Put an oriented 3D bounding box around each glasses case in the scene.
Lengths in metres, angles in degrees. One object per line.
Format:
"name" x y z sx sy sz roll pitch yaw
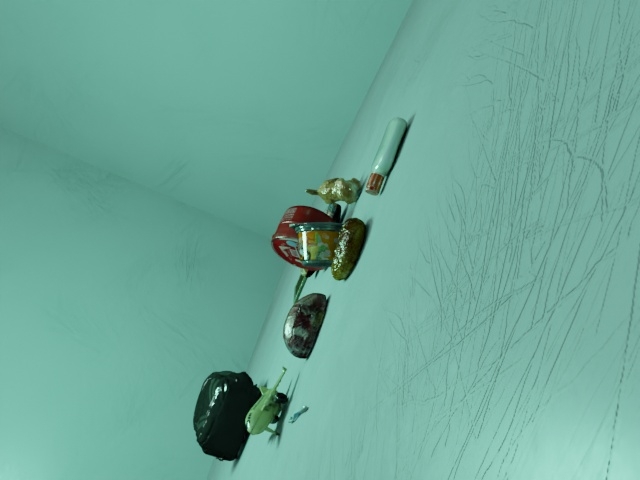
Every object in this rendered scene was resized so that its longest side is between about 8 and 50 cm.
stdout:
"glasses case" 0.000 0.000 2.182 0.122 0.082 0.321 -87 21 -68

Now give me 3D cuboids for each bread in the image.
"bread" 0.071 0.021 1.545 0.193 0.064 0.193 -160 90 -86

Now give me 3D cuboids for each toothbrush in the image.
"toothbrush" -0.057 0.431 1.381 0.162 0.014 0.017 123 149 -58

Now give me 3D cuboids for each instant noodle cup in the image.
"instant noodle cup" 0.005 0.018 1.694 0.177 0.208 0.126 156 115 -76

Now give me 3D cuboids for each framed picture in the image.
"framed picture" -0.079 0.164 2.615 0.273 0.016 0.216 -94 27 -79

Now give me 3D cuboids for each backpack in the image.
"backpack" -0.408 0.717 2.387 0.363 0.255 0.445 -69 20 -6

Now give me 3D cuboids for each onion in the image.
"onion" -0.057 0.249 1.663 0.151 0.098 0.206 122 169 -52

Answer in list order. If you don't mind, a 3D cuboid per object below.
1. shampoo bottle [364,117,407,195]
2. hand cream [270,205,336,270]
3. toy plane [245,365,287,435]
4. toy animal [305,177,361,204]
::::::::
Filter the records for the word "object" and show every line that has it.

#### Exercise solution:
Lengths in metres, angles in degrees. One object per line.
Every object in this rendered scene was resized so that its longest side is between about 8 and 50 cm.
Answer in list order. If you don't mind, a 3D cuboid per object below.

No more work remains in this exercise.